▶ SUPPLIED RECORDS:

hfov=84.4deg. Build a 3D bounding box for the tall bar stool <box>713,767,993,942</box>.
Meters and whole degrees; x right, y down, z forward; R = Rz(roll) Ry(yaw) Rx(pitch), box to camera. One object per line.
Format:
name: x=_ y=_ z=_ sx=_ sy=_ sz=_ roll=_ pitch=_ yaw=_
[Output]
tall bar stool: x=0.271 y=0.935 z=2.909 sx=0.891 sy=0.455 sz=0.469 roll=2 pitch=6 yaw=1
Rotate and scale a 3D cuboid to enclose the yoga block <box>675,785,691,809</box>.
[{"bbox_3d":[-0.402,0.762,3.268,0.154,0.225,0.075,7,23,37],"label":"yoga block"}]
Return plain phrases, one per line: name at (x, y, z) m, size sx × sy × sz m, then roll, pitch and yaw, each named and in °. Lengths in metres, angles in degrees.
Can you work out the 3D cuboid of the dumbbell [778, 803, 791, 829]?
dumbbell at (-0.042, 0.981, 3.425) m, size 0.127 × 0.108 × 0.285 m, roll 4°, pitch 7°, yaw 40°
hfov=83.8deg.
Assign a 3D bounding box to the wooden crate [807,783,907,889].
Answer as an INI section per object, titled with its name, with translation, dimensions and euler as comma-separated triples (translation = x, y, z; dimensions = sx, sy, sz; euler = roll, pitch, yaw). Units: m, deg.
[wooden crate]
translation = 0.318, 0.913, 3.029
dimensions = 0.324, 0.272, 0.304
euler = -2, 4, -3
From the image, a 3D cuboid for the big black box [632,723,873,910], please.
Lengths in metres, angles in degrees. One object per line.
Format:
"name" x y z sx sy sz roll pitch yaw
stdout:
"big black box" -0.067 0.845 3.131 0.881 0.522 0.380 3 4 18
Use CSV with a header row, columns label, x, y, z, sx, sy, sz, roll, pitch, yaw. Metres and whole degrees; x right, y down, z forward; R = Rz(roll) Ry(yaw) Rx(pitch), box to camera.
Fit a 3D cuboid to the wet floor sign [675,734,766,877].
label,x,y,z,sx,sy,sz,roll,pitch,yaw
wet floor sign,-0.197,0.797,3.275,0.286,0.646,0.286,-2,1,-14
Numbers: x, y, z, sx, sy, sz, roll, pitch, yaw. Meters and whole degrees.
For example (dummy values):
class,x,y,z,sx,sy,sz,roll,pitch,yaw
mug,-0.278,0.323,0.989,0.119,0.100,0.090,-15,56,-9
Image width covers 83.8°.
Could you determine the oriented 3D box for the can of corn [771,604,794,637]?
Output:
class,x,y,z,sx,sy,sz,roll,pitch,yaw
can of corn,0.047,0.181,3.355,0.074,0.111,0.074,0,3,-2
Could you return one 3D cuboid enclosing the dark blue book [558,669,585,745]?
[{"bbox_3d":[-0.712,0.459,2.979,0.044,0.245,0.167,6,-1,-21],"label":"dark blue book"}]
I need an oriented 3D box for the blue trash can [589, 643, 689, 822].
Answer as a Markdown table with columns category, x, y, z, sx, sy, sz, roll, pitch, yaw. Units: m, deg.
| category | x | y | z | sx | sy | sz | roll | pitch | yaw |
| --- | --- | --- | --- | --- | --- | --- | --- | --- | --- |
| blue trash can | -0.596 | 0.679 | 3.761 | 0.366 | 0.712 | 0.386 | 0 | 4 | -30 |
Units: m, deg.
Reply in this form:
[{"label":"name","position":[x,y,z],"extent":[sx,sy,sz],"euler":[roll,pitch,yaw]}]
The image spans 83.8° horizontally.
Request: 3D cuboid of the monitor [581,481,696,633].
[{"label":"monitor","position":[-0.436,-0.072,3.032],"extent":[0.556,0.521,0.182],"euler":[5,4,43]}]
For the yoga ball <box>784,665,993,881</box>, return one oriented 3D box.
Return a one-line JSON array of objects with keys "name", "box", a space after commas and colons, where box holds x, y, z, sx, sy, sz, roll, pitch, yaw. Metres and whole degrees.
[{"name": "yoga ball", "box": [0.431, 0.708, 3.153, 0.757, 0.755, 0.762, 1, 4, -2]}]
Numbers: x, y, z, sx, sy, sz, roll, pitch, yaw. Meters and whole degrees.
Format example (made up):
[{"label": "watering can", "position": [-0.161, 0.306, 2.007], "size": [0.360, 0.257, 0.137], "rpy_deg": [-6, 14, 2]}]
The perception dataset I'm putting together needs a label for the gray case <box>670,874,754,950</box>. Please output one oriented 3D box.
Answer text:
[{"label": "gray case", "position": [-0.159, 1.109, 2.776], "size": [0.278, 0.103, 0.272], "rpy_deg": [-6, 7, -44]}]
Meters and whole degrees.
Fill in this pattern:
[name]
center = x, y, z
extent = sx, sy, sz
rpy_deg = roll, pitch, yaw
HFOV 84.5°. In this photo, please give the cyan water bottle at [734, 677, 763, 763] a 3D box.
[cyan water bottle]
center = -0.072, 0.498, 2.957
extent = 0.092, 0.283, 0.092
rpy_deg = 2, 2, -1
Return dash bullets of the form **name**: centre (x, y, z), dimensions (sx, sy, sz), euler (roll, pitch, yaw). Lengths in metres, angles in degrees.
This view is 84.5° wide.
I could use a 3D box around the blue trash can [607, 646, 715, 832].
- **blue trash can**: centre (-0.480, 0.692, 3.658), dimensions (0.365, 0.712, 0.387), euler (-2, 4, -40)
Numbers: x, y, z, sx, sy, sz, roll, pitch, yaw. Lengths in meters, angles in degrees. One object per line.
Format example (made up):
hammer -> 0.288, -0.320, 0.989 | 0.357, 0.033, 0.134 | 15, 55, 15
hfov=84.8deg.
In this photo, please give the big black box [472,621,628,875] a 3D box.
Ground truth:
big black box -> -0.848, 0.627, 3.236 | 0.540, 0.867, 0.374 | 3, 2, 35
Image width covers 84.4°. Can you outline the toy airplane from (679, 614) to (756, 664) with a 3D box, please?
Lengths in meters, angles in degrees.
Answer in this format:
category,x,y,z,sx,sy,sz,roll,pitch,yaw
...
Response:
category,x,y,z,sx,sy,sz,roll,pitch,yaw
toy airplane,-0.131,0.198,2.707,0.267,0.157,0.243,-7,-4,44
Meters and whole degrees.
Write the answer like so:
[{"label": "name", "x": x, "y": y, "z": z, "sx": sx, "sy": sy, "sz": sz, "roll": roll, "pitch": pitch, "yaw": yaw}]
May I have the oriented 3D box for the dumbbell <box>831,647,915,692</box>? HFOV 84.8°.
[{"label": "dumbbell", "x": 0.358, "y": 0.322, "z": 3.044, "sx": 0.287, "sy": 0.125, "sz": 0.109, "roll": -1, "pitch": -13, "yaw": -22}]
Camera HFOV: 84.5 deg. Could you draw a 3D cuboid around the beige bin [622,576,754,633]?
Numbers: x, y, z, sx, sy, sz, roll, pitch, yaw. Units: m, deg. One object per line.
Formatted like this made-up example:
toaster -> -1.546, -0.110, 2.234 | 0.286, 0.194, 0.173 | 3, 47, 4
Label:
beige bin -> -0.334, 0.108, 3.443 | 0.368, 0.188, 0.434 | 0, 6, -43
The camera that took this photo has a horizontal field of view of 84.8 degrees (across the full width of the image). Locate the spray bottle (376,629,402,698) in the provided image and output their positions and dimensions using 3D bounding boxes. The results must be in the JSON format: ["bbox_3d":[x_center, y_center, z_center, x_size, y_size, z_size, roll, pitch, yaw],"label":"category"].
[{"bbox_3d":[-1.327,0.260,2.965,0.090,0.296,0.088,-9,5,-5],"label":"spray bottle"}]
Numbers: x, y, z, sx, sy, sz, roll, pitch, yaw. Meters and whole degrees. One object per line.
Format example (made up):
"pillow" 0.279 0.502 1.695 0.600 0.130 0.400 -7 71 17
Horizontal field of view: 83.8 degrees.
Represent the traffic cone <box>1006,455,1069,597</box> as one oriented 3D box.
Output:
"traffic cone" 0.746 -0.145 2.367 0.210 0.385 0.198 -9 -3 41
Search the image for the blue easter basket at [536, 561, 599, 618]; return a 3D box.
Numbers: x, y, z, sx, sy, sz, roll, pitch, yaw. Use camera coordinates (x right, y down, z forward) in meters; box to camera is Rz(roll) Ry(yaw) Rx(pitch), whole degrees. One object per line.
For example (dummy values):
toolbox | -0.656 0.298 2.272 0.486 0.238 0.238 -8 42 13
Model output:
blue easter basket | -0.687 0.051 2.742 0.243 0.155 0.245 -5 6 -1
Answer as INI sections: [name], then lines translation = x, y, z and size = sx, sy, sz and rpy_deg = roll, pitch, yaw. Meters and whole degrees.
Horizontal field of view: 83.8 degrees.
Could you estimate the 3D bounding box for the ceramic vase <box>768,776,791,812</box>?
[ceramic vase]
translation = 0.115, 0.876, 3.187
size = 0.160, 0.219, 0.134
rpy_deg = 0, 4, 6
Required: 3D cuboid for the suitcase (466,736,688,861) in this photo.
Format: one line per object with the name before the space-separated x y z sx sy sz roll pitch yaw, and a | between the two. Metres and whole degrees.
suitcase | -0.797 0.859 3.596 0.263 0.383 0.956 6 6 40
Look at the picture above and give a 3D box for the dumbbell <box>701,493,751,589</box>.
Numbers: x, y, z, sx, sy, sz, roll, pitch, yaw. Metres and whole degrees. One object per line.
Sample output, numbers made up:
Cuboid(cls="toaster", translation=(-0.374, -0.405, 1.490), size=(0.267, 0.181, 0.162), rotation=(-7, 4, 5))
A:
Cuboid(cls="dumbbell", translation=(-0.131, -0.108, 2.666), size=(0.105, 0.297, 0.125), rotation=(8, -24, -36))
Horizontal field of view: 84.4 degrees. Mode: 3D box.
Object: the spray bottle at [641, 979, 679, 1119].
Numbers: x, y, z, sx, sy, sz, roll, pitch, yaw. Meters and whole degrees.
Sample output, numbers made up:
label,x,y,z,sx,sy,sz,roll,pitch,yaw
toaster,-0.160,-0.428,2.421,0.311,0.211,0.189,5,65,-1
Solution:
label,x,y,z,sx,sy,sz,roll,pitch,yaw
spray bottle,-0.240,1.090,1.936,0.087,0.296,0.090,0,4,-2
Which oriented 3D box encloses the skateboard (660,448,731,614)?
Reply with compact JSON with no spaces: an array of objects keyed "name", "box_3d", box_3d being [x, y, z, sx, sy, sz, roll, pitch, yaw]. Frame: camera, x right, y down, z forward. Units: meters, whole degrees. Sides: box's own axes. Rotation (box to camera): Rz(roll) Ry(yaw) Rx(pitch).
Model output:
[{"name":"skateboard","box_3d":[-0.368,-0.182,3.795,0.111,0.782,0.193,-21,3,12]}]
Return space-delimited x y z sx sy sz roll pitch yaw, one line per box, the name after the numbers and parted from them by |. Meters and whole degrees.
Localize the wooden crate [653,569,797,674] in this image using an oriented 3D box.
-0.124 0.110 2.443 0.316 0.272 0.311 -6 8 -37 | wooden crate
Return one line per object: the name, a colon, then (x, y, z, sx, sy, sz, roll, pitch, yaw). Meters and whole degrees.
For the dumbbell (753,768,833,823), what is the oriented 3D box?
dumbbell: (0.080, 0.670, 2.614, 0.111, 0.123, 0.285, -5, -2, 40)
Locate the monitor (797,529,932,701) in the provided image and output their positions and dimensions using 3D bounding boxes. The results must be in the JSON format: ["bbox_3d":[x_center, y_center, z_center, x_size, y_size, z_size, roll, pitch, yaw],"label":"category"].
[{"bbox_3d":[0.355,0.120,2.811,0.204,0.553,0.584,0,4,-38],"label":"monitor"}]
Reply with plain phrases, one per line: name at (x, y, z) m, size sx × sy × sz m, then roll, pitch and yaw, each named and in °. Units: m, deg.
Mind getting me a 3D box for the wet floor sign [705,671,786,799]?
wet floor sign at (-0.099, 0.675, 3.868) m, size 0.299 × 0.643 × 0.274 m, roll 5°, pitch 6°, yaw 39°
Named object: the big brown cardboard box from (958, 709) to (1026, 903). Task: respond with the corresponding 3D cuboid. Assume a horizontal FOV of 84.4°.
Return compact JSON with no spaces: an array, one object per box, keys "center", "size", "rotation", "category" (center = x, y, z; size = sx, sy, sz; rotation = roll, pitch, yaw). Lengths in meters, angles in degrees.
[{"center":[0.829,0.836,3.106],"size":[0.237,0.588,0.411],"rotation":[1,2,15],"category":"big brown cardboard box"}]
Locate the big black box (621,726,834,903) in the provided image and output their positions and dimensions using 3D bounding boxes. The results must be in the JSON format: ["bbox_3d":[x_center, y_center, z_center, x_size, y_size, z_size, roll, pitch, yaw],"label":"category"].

▶ INSTRUCTIONS FOR THE TASK: Could you transcribe the entries exactly, from the first line through the line containing "Return plain phrases, one", and give nothing more?

▶ PROBLEM SOLUTION:
hfov=84.4deg. Build a 3D bounding box for the tall bar stool <box>713,767,993,942</box>.
Meters and whole degrees; x right, y down, z forward; R = Rz(roll) Ry(yaw) Rx(pitch), box to camera. One object per line.
Format:
name: x=_ y=_ z=_ sx=_ sy=_ sz=_ roll=_ pitch=_ yaw=_
[Output]
tall bar stool: x=0.271 y=0.935 z=2.909 sx=0.891 sy=0.455 sz=0.469 roll=2 pitch=6 yaw=1
Rotate and scale a 3D cuboid to enclose the yoga block <box>675,785,691,809</box>.
[{"bbox_3d":[-0.402,0.762,3.268,0.154,0.225,0.075,7,23,37],"label":"yoga block"}]
Return plain phrases, one per line: name at (x, y, z) m, size sx × sy × sz m, then roll, pitch and yaw, each named and in °. Lengths in metres, angles in degrees.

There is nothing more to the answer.